Gwong

Total population
- 45,000

Regions with significant populations
- Nigeria

Languages
- Gyong

Religion
- Christianity

Related ethnic groups
- Anghan, Ham, Nyankpa, Bajju, Tinor, Atyap, Berom, Jukun, Efik, Tiv, Igbo, Yoruba, Edo and other Benue-Congo peoples of Middle Belt and southern Nigeria

= Gwong people =

Nigerian ethnic group

Gwong people (Hausa: Kagoma) are a people found in the southern part of Kaduna State, Nigeria. Their language, Gyong language belongs to the central plateau language group. Their headquarters is at Fadan Kagoma, Jema'a Local Government Area of the state.

==Distribution==
The Gwong people are mainly found in Jema'a Local Government Area of southern Kaduna State, Nigeria.

==Religion==
The Gwong people are predominantly Christians who make up about 78.00% of the population (of whom Protestants number about 60.00%, Roman Catholics 20.00% and Independent 20.00%). The remaining 22.00% of the overall population being adherents of traditional religion.

==Politics==
The Gwong people's realm is called Gwong Chiefdom and its rulers are known by the appellation Kpop. The current monarch is His Royal Highness (HRH) Col. Paul Zakka Wyom (rtd.), Kpop Gwong II.
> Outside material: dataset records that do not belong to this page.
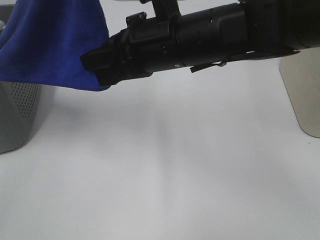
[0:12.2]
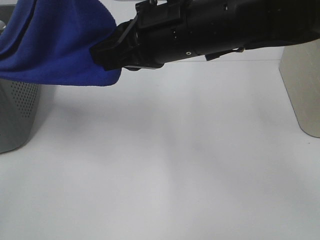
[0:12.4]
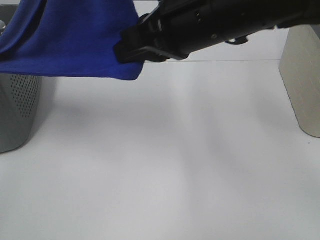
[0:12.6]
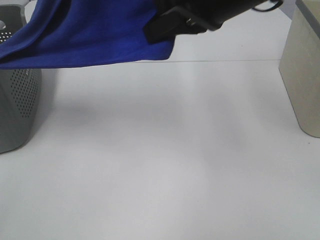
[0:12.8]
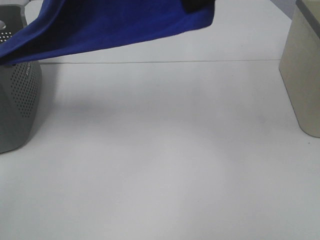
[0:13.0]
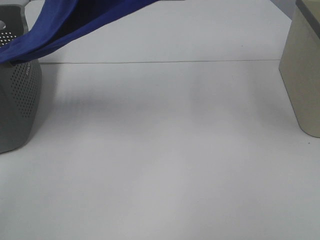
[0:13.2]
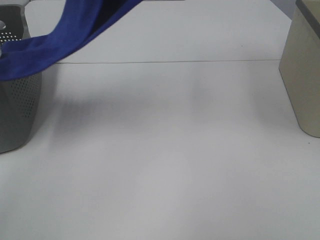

HRH Paul Wyom conferred an eighteen year old Briton with a traditional title for building a health centre

==Notable people==
- Bishop Joseph Danlami Bagobiri, late catholic bishop of Kafanchan.
- Victor Moses, footballer
- Sir Patrick Ibrahim Yakowa (late), first civilian governor of Kaduna State from Southern Kaduna.
- Lt. Gen. Luka Nyeh Yusuf (late), former Nigerian Chief of Army Staff.